The ``delivery_mode`` changes how the messages to this queue are delivered.
A value of 1 means that the message will not be written to disk, and a value
of 2 (default) means that the message can be written to disk.

To direct a task to your new transient queue you can specify the queue
argument (or use the :setting:`task_routes` setting):

.. code-block:: python

    task.apply_async(args, queue='transient')

For more information see the :ref:`routing guide <guide-routing>`.

.. _optimizing-worker-settings:

Worker Settings
===============

.. _optimizing-prefetch-limit:

Prefetch Limits
---------------

*Prefetch* is a term inherited from AMQP that is often misunderstood
by users.

The prefetch limit is a **limit** for the number of tasks (messages) a worker
can reserve for itself.  If it is zero, the worker will keep
consuming messages, not respecting that there may be other
available worker nodes that may be able to process them sooner [*]_,
or that the messages may not even fit in memory.

The workers' default prefetch count is the
:setting:`worker_prefetch_multiplier` setting multiplied by the number
of concurrency slots[*]_ (processes/threads/greenthreads).

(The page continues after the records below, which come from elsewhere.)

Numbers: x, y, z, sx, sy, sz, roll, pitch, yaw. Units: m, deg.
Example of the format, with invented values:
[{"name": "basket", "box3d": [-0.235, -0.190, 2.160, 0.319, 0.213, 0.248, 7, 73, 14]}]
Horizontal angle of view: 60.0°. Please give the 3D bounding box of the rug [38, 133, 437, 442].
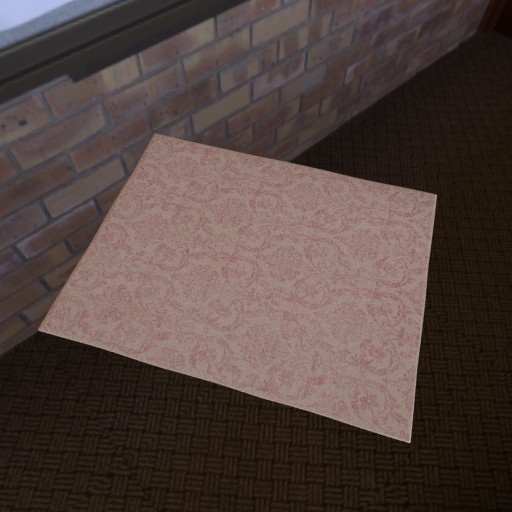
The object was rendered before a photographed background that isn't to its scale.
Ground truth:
[{"name": "rug", "box3d": [0.000, 0.000, 3.960, 2.980, 0.012, 2.363, 14, 59, 9]}]
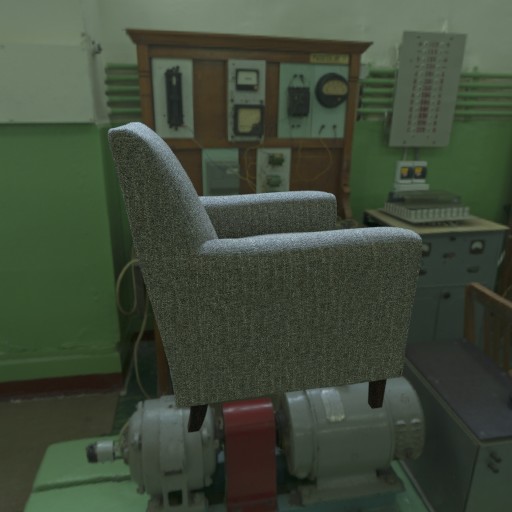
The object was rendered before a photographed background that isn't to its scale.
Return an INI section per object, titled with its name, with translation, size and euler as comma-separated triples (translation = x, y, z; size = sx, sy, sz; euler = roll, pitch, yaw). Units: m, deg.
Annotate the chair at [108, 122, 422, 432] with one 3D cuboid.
[chair]
translation = 0.000, 0.000, 1.622
size = 0.873, 0.928, 0.864
euler = -4, 18, -12
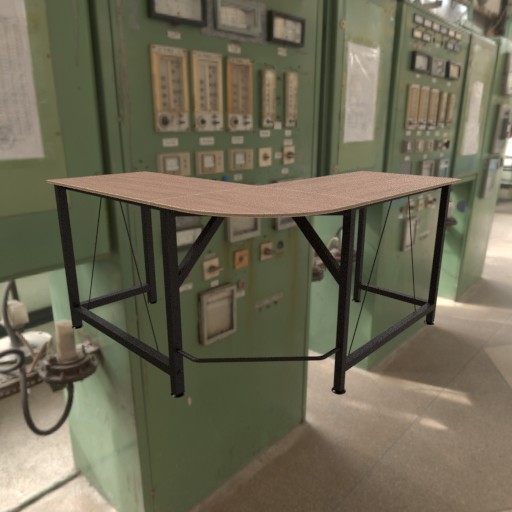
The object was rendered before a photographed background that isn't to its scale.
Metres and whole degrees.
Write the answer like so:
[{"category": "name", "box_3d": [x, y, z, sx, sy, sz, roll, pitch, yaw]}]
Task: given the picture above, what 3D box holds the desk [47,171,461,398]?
[{"category": "desk", "box_3d": [0.000, 0.000, 2.224, 1.400, 0.762, 1.400, 15, 23, 41]}]
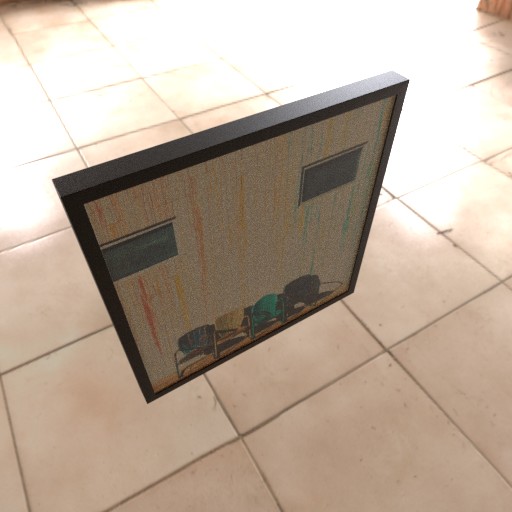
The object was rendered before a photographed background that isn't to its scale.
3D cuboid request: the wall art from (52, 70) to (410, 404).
[{"bbox_3d":[0.000,0.000,0.753,0.506,0.506,0.037,-25,52,-21],"label":"wall art"}]
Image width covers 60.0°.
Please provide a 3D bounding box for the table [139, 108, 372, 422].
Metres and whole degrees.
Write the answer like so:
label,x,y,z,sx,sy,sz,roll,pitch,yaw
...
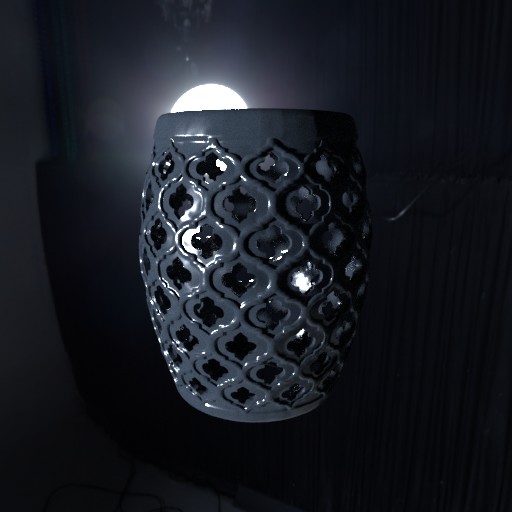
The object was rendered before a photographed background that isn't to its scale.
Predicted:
label,x,y,z,sx,sy,sz,roll,pitch,yaw
table,0.000,0.000,0.643,0.325,0.388,0.325,0,14,0

If you have many tasks with a long duration you want
the multiplier value to be 1, which means it will only reserve one
task per worker process at a time.

However -- If you have many short-running tasks, and throughput/round trip
latency is important to you, this number should be large. The worker is
able to process more tasks per second if the messages have already been
prefetched, and is available in memory.  You may have to experiment to find
the best value that works for you.  Values like 50 or 150 might make sense in
these circumstances. Say 64, or 128.

If you have a combination of long- and short-running tasks, the best option
is to use two worker nodes that are configured separately, and route
the tasks according to the run-time. (see :ref:`guide-routing`).

.. [*] RabbitMQ and other brokers deliver messages round-robin,
       so this doesn't apply to an active system.  If there is no prefetch
       limit and you restart the cluster, there will be timing delays between
       nodes starting. If there are 3 offline nodes and one active node,
       all messages will be delivered to the active node.

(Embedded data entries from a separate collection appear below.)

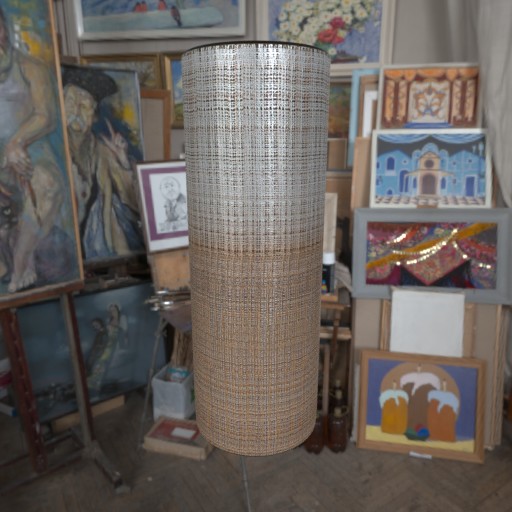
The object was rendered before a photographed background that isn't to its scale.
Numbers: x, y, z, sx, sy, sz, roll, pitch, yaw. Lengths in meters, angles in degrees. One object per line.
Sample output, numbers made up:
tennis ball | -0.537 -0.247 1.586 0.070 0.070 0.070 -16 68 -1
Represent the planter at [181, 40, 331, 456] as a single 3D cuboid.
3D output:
planter | 0.000 0.000 0.332 0.099 0.278 0.099 -7 16 -25
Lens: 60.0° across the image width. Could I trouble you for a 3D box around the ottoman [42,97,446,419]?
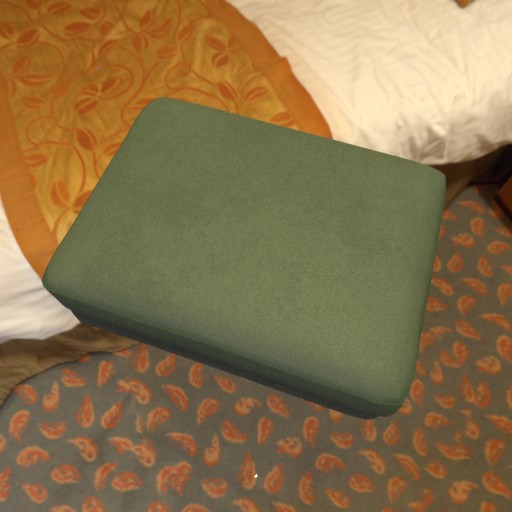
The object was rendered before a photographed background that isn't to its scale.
[{"bbox_3d":[0.000,0.000,1.144,0.811,0.449,0.608,17,65,8],"label":"ottoman"}]
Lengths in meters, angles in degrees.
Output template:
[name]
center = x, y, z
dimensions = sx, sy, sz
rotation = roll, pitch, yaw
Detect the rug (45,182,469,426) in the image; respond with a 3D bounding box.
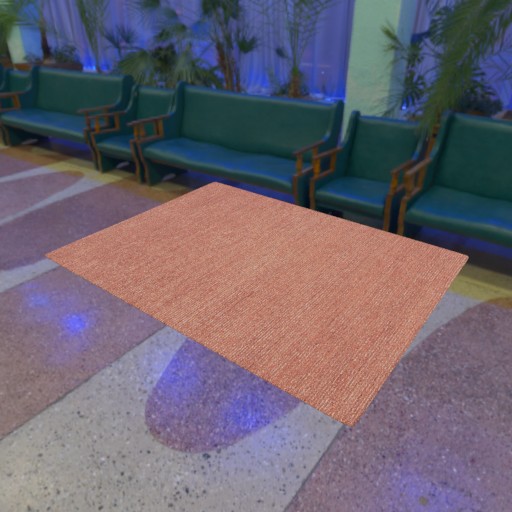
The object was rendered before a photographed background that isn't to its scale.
[rug]
center = 0.000, 0.000, 2.745
dimensions = 2.112, 0.009, 1.594
rotation = 21, 36, 32
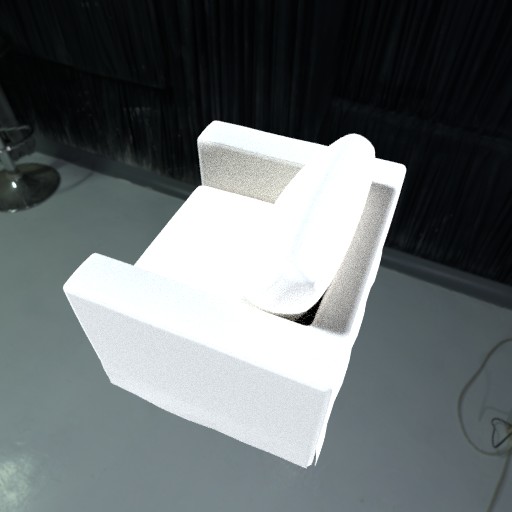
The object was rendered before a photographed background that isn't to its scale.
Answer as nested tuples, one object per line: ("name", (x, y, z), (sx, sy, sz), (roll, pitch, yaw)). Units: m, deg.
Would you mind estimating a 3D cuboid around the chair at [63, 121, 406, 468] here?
("chair", (0.000, 0.000, 1.823), (0.957, 0.878, 1.150), (18, 50, 15))
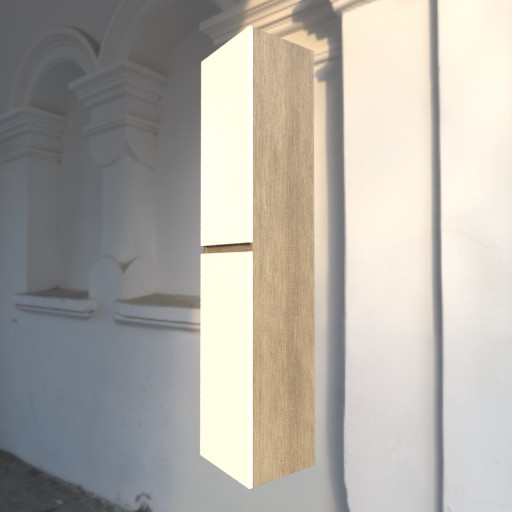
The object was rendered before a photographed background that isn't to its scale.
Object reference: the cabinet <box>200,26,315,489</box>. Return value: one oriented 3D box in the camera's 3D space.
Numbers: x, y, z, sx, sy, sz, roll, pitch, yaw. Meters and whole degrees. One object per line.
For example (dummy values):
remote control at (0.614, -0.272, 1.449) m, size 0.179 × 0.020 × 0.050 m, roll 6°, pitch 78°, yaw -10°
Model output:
cabinet at (0.000, 0.000, 1.539) m, size 0.270 × 1.400 × 0.300 m, roll 1°, pitch -2°, yaw -36°
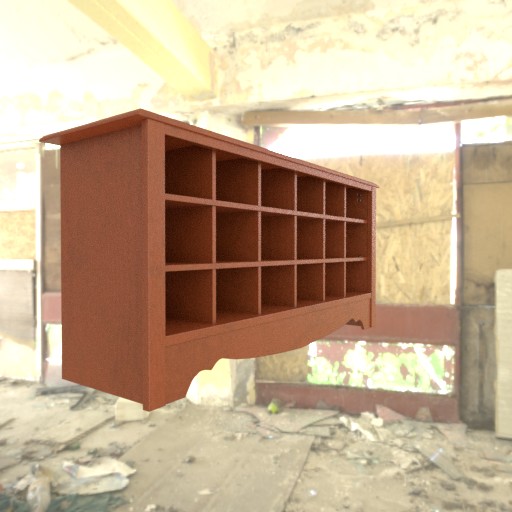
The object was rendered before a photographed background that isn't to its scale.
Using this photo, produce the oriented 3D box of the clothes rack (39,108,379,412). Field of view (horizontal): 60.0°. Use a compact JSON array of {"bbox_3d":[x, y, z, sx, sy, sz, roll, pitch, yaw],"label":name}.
[{"bbox_3d":[0.000,0.000,1.455,0.362,0.594,1.251,1,1,36],"label":"clothes rack"}]

.. [*] This is the concurrency setting; :setting:`worker_concurrency` or the
       :option:`-c` option to the :program:`celery worker` program.


Reserve one task at a time
--------------------------

When using early acknowledgement (default), a prefetch multiplier of 1
means the worker will reserve at most one extra task for every active
worker process.

When users ask if it's possible to disable "prefetching of tasks", often
what they really want is to have a worker only reserve as many tasks as there
are child processes.

But this is not possible without enabling late
acknowledgements; A task that has been started, will be
retried if the worker crashes mid execution so the task must be `idempotent`_
(see also notes at :ref:`faq-acks_late-vs-retry`).

.. _`idempotent`: http://en.wikipedia.org/wiki/Idempotent

You can enable this behavior by using the following configuration options:

.. code-block:: python

    task_acks_late = True
    worker_prefetch_multiplier = 1

.. _prefork-pool-prefetch:

Prefork pool prefetch settings
------------------------------

The prefork pool will asynchronously send as many tasks to the processes
as it can and this means that the processes are, in effect, prefetching
tasks.

This benefits performance but it also means that tasks may be stuck
waiting for long running tasks to complete::

    -> send T1 to Process A
    # A executes T1
    -> send T2 to Process B
    # B executes T2
    <- T2 complete

    -> send T3 to Process A
    # A still executing T1, T3 stuck in local buffer and
    # will not start until T1 returns

The worker will send tasks to the process as long as the pipe buffer is
writable.  The pipe buffer size varies based on the operating system: some may
have a buffer as small as 64kb but on recent Linux versions the buffer
size is 1MB (can only be changed system wide).

You can disable this prefetching behavior by enabling the :option:`-Ofair`
worker option:

.. code-block:: console

    $ celery -A proj worker -l info -Ofair

With this option enabled the worker will only write to processes that are
available for work, disabling the prefetch behavior.